When he is stationed in France in 1915, newspapers arrive regularly, however, in 1916 as the post comes less frequently newspapers begin to come intermittently, in bundles of 4/5. Stevie writes in his letters that he gets them in large bundles when they do come, but often fears that there might have been a few deliveries lost if a mail boat had been “torped”. There is a sense of disappointment if the papers or mails are lost as that means there is nothing new for the officers and other men in the battery to read.

Stevie uses the papers to keep up to date with the events as they are happening at home. He watches the race results and often comments on the articles that mention his father’s horses. During 1916 he also takes great interest in what the Irish Times has to say about the War of Independence, which was occurring in Ireland over Easter:

Comments on the Easter Rising in Ireland. Item 1006, Grehan Estate Collection, Boole Library, UCC

Comments on the Easter Rising in Ireland.
Item 1006, Grehan Estate Collection, Boole Library, UCC

As you can see from the letter Stevie is very interested in receiving the newspaper delivery for Easter week in order to keep abreast of the situation at home. It the same letter he laments to his father that they seem to be having more excitement at home than he is seeing at the front.

There are more references to newspapers and other forms of literature in the letters that Stevie sent home to his family too. Those shown here are just a small selection.
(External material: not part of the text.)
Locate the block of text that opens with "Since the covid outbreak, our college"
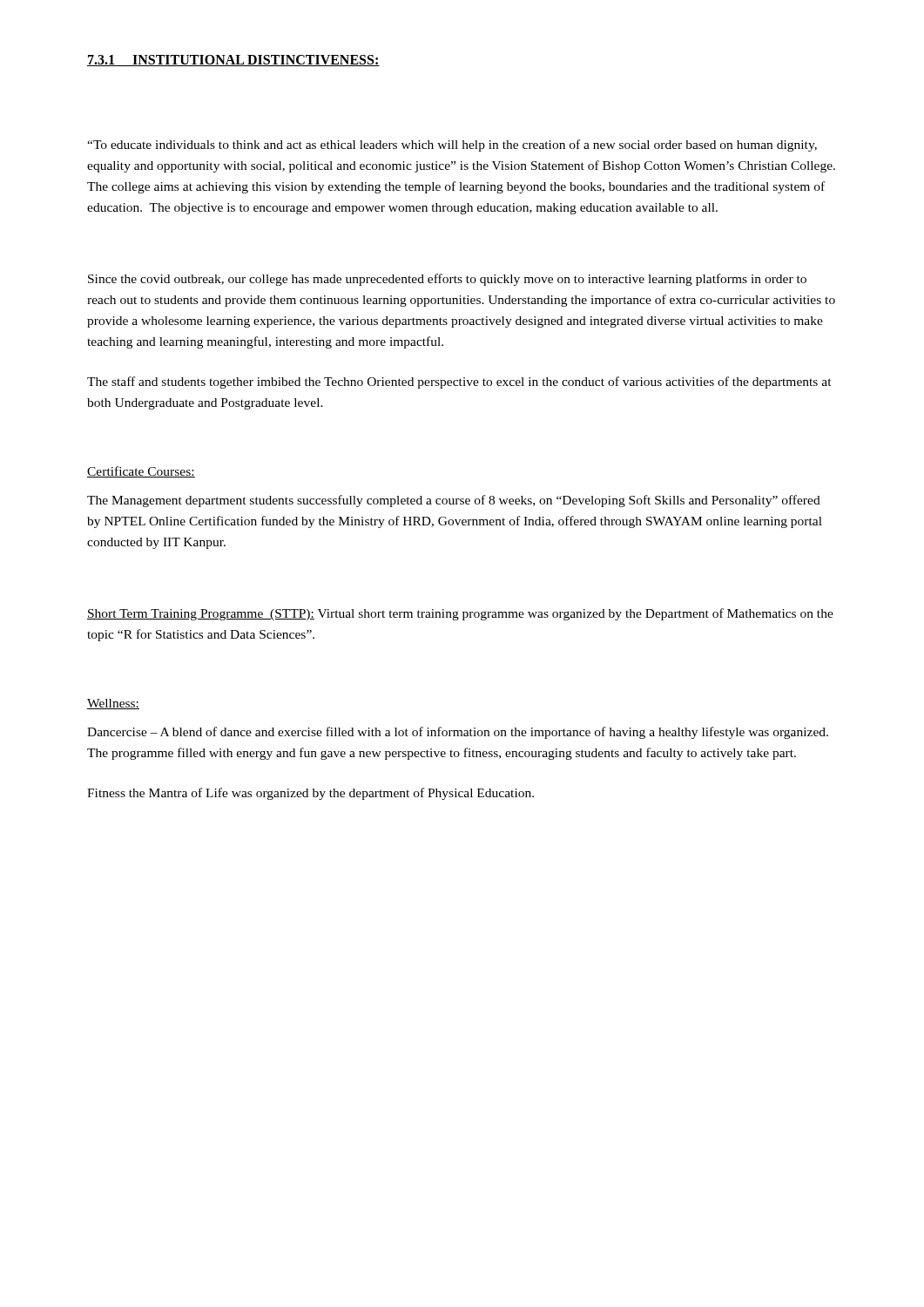(x=461, y=310)

*All images are copyright Boole Library University College Cork.

The Beginning of the Great War Letters

Archduke Franz Ferdinand

Archduke Franz Ferdinand

The outbreak of the First World War is marked by the assassination of the heir presumptive of the Austro-Hungarian Empire, Archduke Franz Ferdinand and his wife Sophie, Duchess of Hohenberg on the 28th of June 1914, in Sarajevo, Bosnia. However, it was not until the 4th of August 1914 that the Britain joined the war. In September 1914 Britain called upon her Imperial troops to help on the Western front. “They came from the Lahore and Meerut Divisions and the Secunderbad Cavalry. In October, Indians were fed into some of the fiercest fighting at Ypres. In March 1915, Indian troops provided half the attacking force at the Battle of Neuve Chapelle, which was the costliest in terms of lives.”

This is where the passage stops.